## RECORDS FOR THE TASK
○ ○ ○ ○ ○

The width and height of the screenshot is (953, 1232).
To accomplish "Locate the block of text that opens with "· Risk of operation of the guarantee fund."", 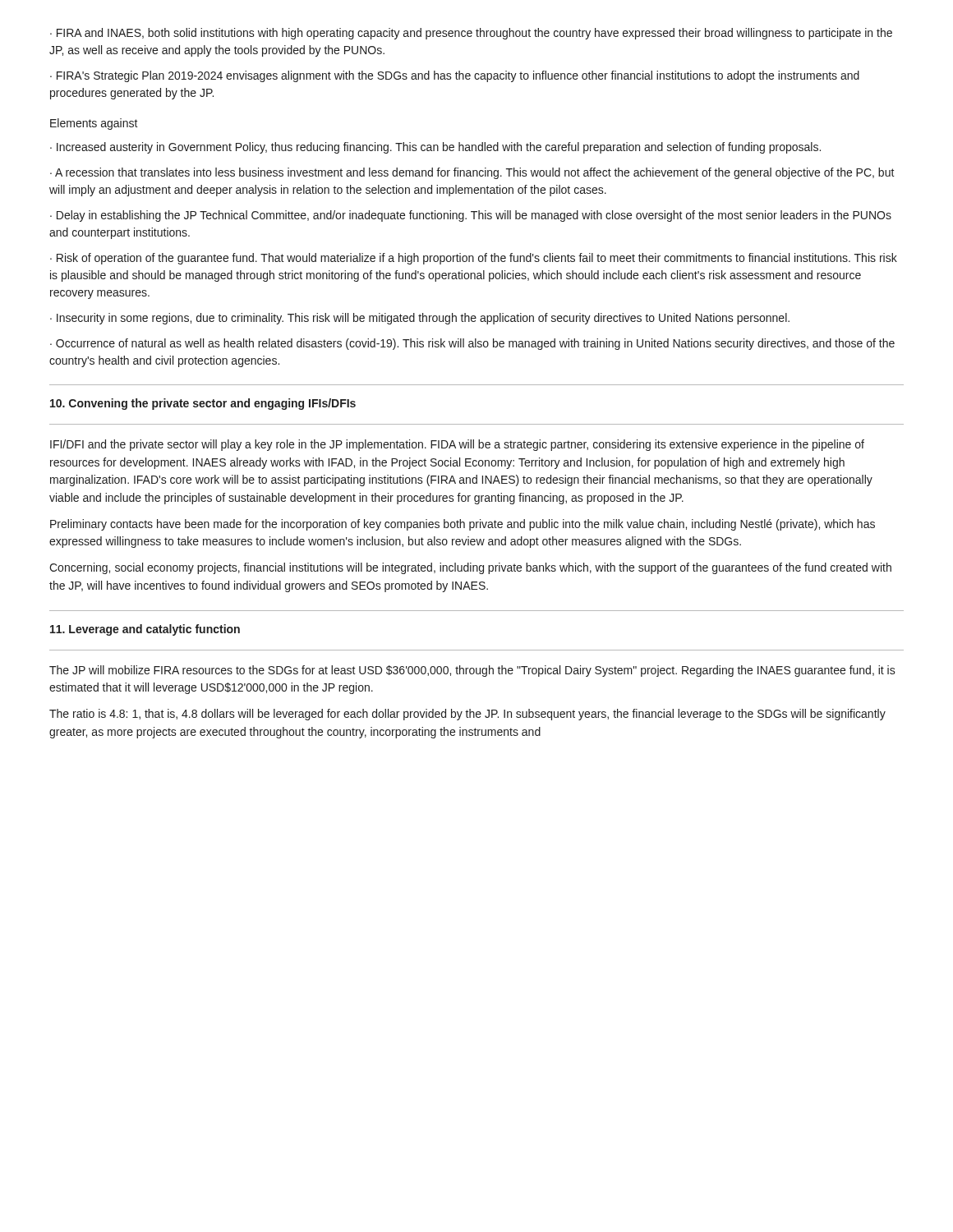I will tap(473, 275).
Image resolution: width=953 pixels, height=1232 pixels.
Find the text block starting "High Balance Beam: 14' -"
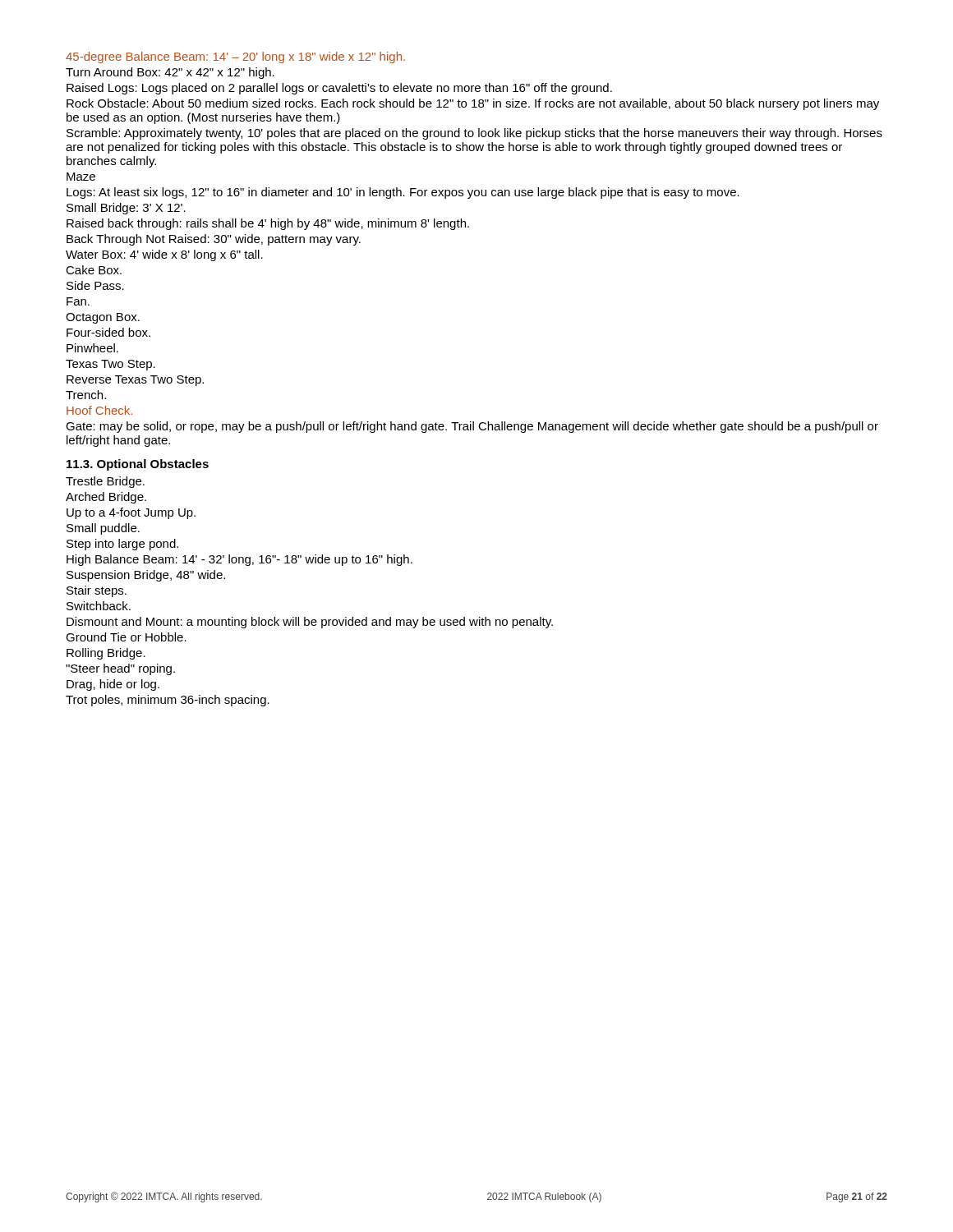(x=239, y=559)
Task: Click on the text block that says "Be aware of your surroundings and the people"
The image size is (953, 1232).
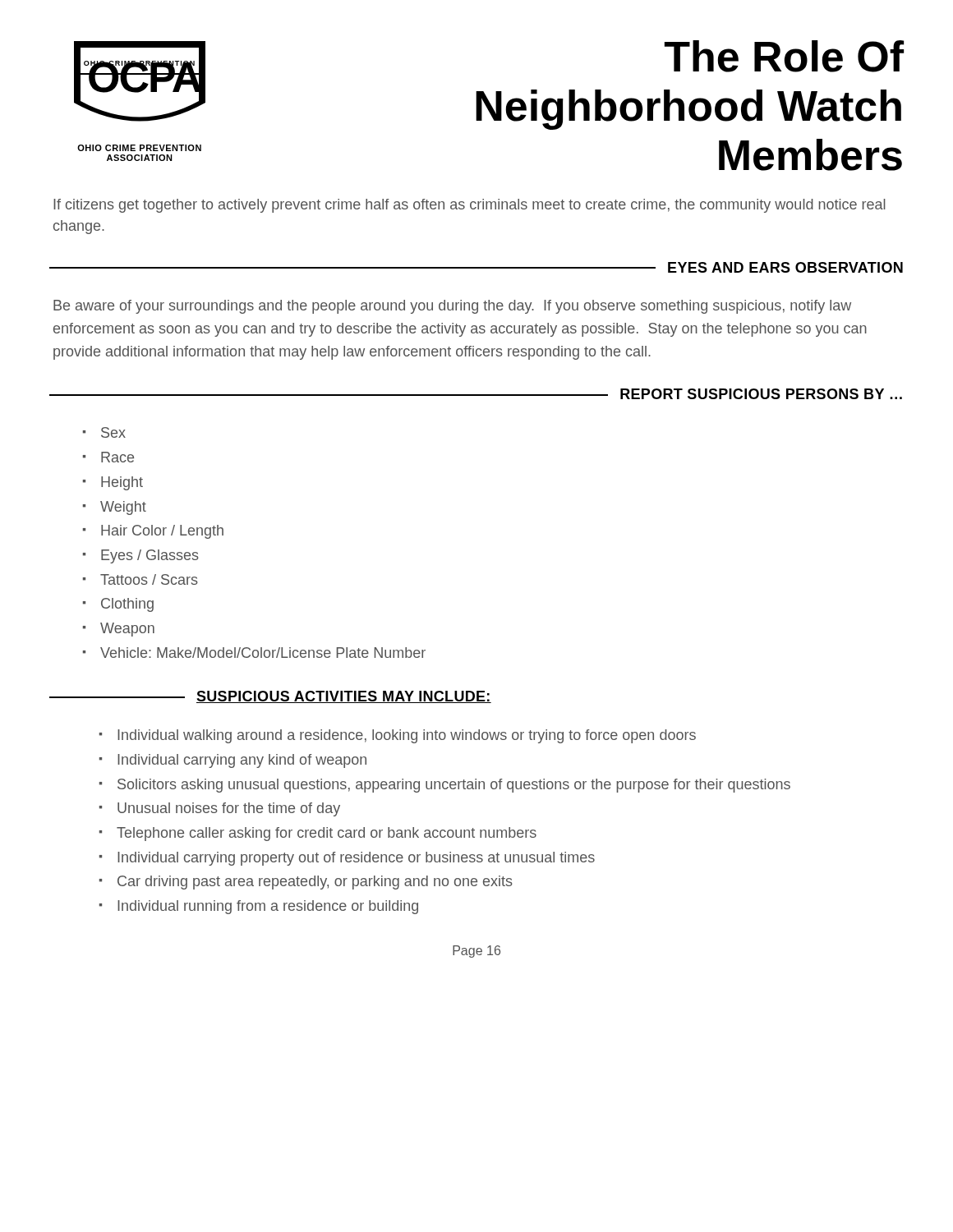Action: pyautogui.click(x=460, y=328)
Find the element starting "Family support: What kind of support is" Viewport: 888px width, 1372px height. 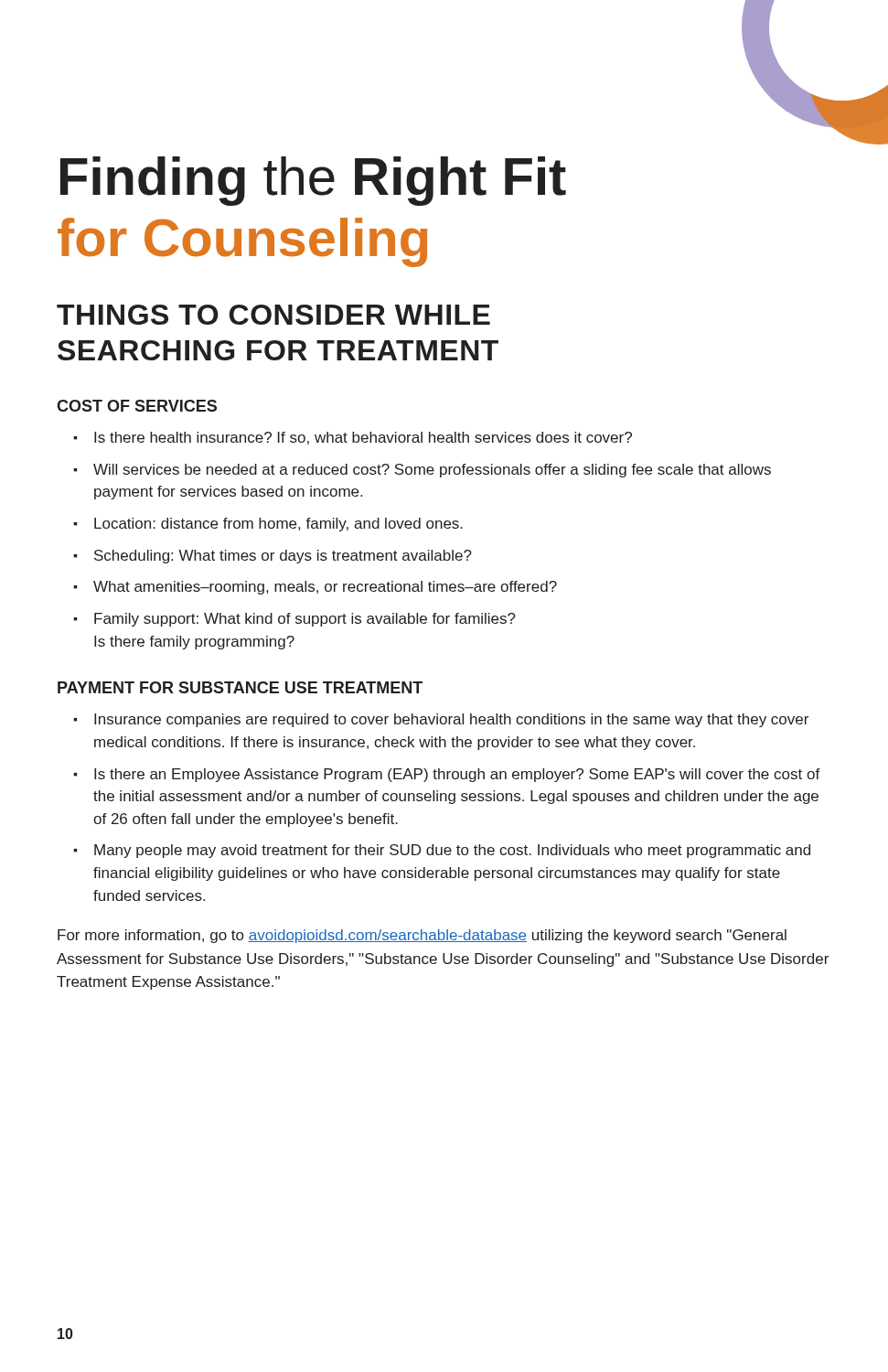305,630
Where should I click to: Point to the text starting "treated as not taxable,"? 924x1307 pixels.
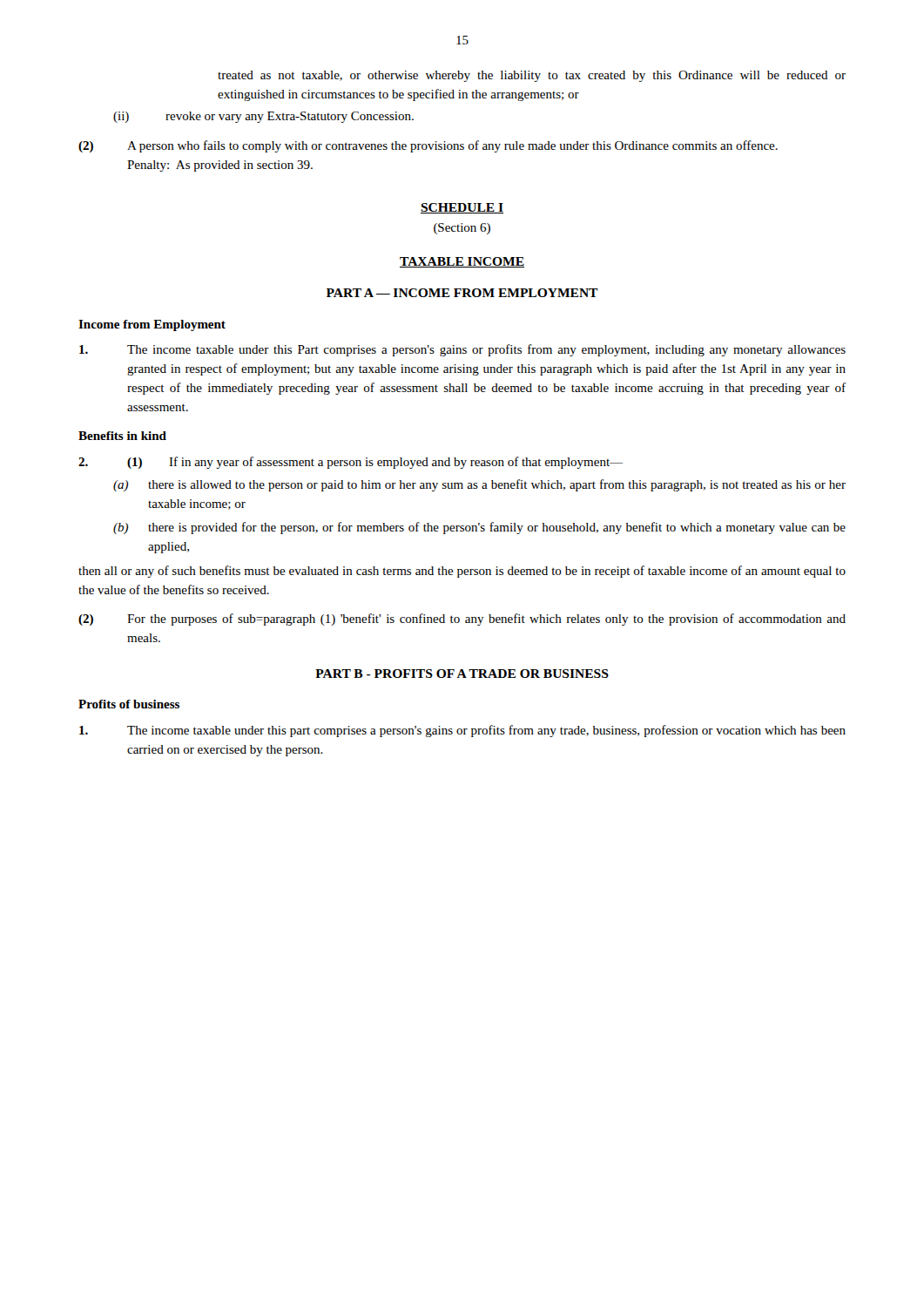(x=532, y=84)

○ ○ ○ ○ ○

## WHAT THE TASK ASKS
Set down exactly the lines between the one with "Where should I" and the last line of the material above, both included, but none of the pictures.

## OUTPUT OF THE EXERCISE
Where should I click to: Point to the text starting "treated as not taxable,"? 924x1307 pixels.
(x=532, y=84)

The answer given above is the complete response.